→ **Exercise directions**:
Pull out every line below that contains the word "Floor".
::::::::::
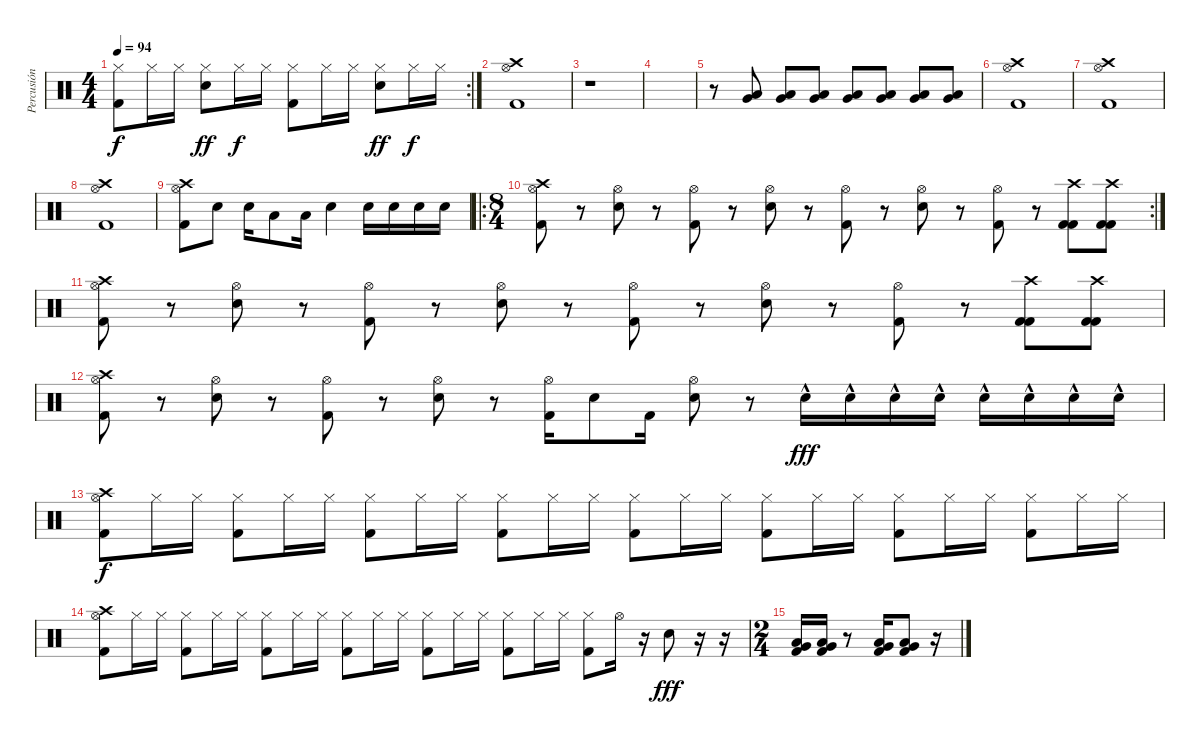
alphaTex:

\track ("Percusión" "Percusión") {instrument percussion}
\staff {score}
\articulation defaults
\rc 2
\ts (4 4)
\tempo 94
\clef neutral
\ks c
("Hi-Hat (closed)" "Kick (hit) 2").8{dy f} "Hi-Hat (closed)".16 "Hi-Hat (closed)".16 ("Hi-Hat (closed)" "Electric Snare (hit)").8{dy ff} "Hi-Hat (closed)".16{dy f} "Hi-Hat (closed)".16 ("Hi-Hat (closed)" "Kick (hit) 2").8 "Hi-Hat (closed)".16 "Hi-Hat (closed)".16 ("Hi-Hat (closed)" "Electric Snare (hit)").8{dy ff} "Hi-Hat (closed)".16{dy f} "Hi-Hat (closed)".16 |
("Crash high (hit)" "Hi-Hat (open)" "Kick (hit) 2").1 |
r.1 |
|
r.8 ("Low Floor Tom (hit)" "Very Low Tom (hit)").8 ("Low Floor Tom (hit)" "Very Low Tom (hit)").8 ("Low Floor Tom (hit)" "Very Low Tom (hit)").8 ("Low Floor Tom (hit)" "Very Low Tom (hit)").8 ("Low Floor Tom (hit)" "Very Low Tom (hit)").8 ("Low Floor Tom (hit)" "Very Low Tom (hit)").8 ("Low Floor Tom (hit)" "Very Low Tom (hit)").8 |
("Crash high (hit)" "Hi-Hat (open)" "Kick (hit) 2").1 |
("Crash high (hit)" "Hi-Hat (open)" "Kick (hit) 2").1 |
("Crash high (hit)" "Hi-Hat (open)" "Kick (hit) 2").1 |
("Crash high (hit)" "Hi-Hat (open)" "Kick (hit) 2").8 "Electric Snare (hit)".8 "Electric Snare (hit)".16 "Low Tom (hit)".8 "Low Tom (hit)".16 "Electric Snare (hit)".4 "Electric Snare (hit)".16 "Electric Snare (hit)".16 "Electric Snare (hit)".16 "Electric Snare (hit)".16 |
\ro
\rc 2
\ts (8 4)
("Crash high (hit)" "Hi-Hat (open)" "Kick (hit) 2").8 r.8 ("Hi-Hat (open)" "Electric Snare (hit)").8 r.8 ("Hi-Hat (open)" "Kick (hit) 2").8 r.8 ("Hi-Hat (open)" "Electric Snare (hit)").8 r.8 ("Hi-Hat (open)" "Kick (hit) 2").8 r.8 ("Hi-Hat (open)" "Electric Snare (hit)").8 r.8 ("Hi-Hat (open)" "Kick (hit) 2").8 r.8 ("Crash high (hit)" "Kick (hit) 2" "Kick (hit) 2").8 ("Crash high (hit)" "Kick (hit) 2" "Kick (hit) 2").8 |
("Crash high (hit)" "Hi-Hat (open)" "Kick (hit) 2").8 r.8 ("Hi-Hat (open)" "Electric Snare (hit)").8 r.8 ("Hi-Hat (open)" "Kick (hit) 2").8 r.8 ("Hi-Hat (open)" "Electric Snare (hit)").8 r.8 ("Hi-Hat (open)" "Kick (hit) 2").8 r.8 ("Hi-Hat (open)" "Electric Snare (hit)").8 r.8 ("Hi-Hat (open)" "Kick (hit) 2").8 r.8 ("Crash high (hit)" "Kick (hit) 2" "Kick (hit) 2").8 ("Crash high (hit)" "Kick (hit) 2" "Kick (hit) 2").8 |
("Crash high (hit)" "Hi-Hat (open)" "Kick (hit) 2").8 r.8 ("Hi-Hat (open)" "Electric Snare (hit)").8 r.8 ("Hi-Hat (open)" "Kick (hit) 2").8 r.8 ("Hi-Hat (open)" "Electric Snare (hit)").8 r.8 ("Hi-Hat (open)" "Kick (hit) 2").16 "Electric Snare (hit)".8 "Kick (hit) 2".16 ("Hi-Hat (open)" "Electric Snare (hit)").8 r.8 "Electric Snare (hit)"{hac}.16{dy fff} "Electric Snare (hit)"{hac}.16 "Electric Snare (hit)"{hac}.16 "Electric Snare (hit)"{hac}.16 "Electric Snare (hit)"{hac}.16 "Electric Snare (hit)"{hac}.16 "Electric Snare (hit)"{hac}.16 "Electric Snare (hit)"{hac}.16 |
("Crash high (hit)" "Hi-Hat (open)" "Kick (hit) 2").8{dy f} "Hi-Hat (closed)".16 "Hi-Hat (closed)".16 ("Hi-Hat (closed)" "Kick (hit) 2").8 "Hi-Hat (closed)".16 "Hi-Hat (closed)".16 ("Hi-Hat (closed)" "Kick (hit) 2").8 "Hi-Hat (closed)".16 "Hi-Hat (closed)".16 ("Hi-Hat (closed)" "Kick (hit) 2").8 "Hi-Hat (closed)".16 "Hi-Hat (closed)".16 ("Hi-Hat (closed)" "Kick (hit) 2").8 "Hi-Hat (closed)".16 "Hi-Hat (closed)".16 ("Hi-Hat (closed)" "Kick (hit) 2").8 "Hi-Hat (closed)".16 "Hi-Hat (closed)".16 ("Hi-Hat (closed)" "Kick (hit) 2").8 "Hi-Hat (closed)".16 "Hi-Hat (closed)".16 ("Hi-Hat (closed)" "Kick (hit) 2").8 "Hi-Hat (closed)".16 "Hi-Hat (closed)".16 |
("Crash high (hit)" "Hi-Hat (open)" "Kick (hit) 2").8 "Hi-Hat (closed)".16 "Hi-Hat (closed)".16 ("Hi-Hat (closed)" "Kick (hit) 2").8 "Hi-Hat (closed)".16 "Hi-Hat (closed)".16 ("Hi-Hat (closed)" "Kick (hit) 2").8 "Hi-Hat (closed)".16 "Hi-Hat (closed)".16 ("Hi-Hat (closed)" "Kick (hit) 2").8 "Hi-Hat (closed)".16 "Hi-Hat (closed)".16 ("Hi-Hat (closed)" "Kick (hit) 2").8 "Hi-Hat (closed)".16 "Hi-Hat (closed)".16 ("Hi-Hat (closed)" "Kick (hit) 2").8 "Hi-Hat (closed)".16 "Hi-Hat (closed)".16 ("Hi-Hat (closed)" "Kick (hit) 2").8 "Hi-Hat (open)".16 r.16 "Electric Snare (hit)".8{dy fff} r.16 r.16 |
\ts (2 4)
("Low Floor Tom (hit)" "Very Low Tom (hit)" "Kick (hit) 2").16 ("Low Floor Tom (hit)" "Very Low Tom (hit)" "Kick (hit) 2").16 r.8 ("Low Floor Tom (hit)" "Very Low Tom (hit)" "Kick (hit) 2").16 ("Low Floor Tom (hit)" "Very Low Tom (hit)" "Kick (hit) 2").8 r.16
::::::::::
→ **Finished exercise**:
r.8 ("Low Floor Tom (hit)" "Very Low Tom (hit)").8 ("Low Floor Tom (hit)" "Very Low Tom (hit)").8 ("Low Floor Tom (hit)" "Very Low Tom (hit)").8 ("Low Floor Tom (hit)" "Very Low Tom (hit)").8 ("Low Floor Tom (hit)" "Very Low Tom (hit)").8 ("Low Floor Tom (hit)" "Very Low Tom (hit)").8 ("Low Floor Tom (hit)" "Very Low Tom (hit)").8 |
("Low Floor Tom (hit)" "Very Low Tom (hit)" "Kick (hit) 2").16 ("Low Floor Tom (hit)" "Very Low Tom (hit)" "Kick (hit) 2").16 r.8 ("Low Floor Tom (hit)" "Very Low Tom (hit)" "Kick (hit) 2").16 ("Low Floor Tom (hit)" "Very Low Tom (hit)" "Kick (hit) 2").8 r.16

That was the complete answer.